The process of reading is not a half sleep, but in the highest sense, an exercise, a gymnast's struggle: that the reader is to do something for him or herself, must be on the alert, just construct indeed the poem, argument, history, metaphysical essay--the text furnishing the hints, the clue, the start, the framework.
Frederick Douglas taught that literacy is the path from slavery to freedom. There are many kinds of slavery and many kinds of freedom, but reading is still the path.
Be sure then to read no mean books. Shun the spawn of the press on the gossip of the hour. Do not read what you shall learn, without asking, in the street and the train.
Reading, after a certain age, diverts the mind too much from its creative pursuits. Any man who reads too much and uses his own brain too little falls into lazy habits of thinking.
A learned man is a sedentary, concentrated solitary enthusiast, who searches through books to discover some particular grain of truth upon which he has set his heart. If the passion for reading conquers him, his gains dwindle and vanish between his fingers. A reader, on the other hand, must check the desire for learning at the outset; if knowledge sticks to him well and good, but to go in pursuit of it, to read on a system, to become a specialist or an authority, is very apt to kill what suits us to consider the more humane passion for pure and disinterested reading.
I am so convinced of the advantages of looking at mankind instead of reading about them, . . . that I think there should be a law amongst us to set our young men abroad for a term among the few allies our wars have left us.
Every word we speak is million-faced or convertible to an indefinite number of applications. If it were not so we could read no book.

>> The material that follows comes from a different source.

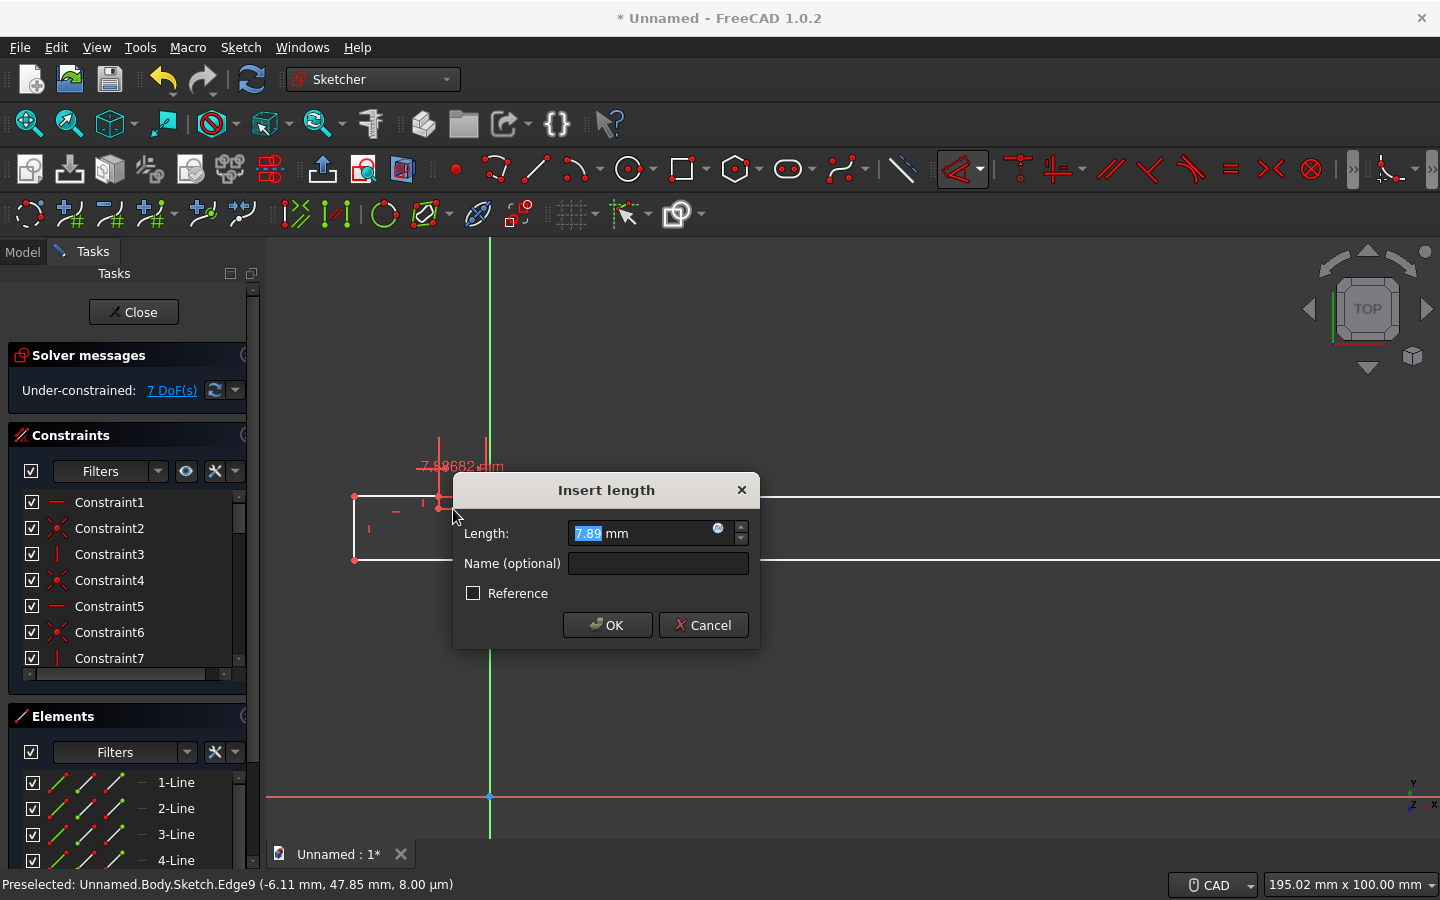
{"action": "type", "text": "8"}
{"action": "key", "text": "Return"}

Your remark would only fit your case, not mine.
In an article on Bunyan lately published in the "Contemporary Review" - the only article on the subject worth reading on the subject I ever saw (yes, thank you, I am familiar with Macaulay's patronizing prattle about "The Pilgrim's Progress") etc.
I have to say that my kids, like every child in America, is completely absorbed with Harry Potter. And so, I have gotten sucked into it, too; I can't wait for the next one to come out. I am trying to figure out what happens with Harry and Voldemort. So we have been reading that.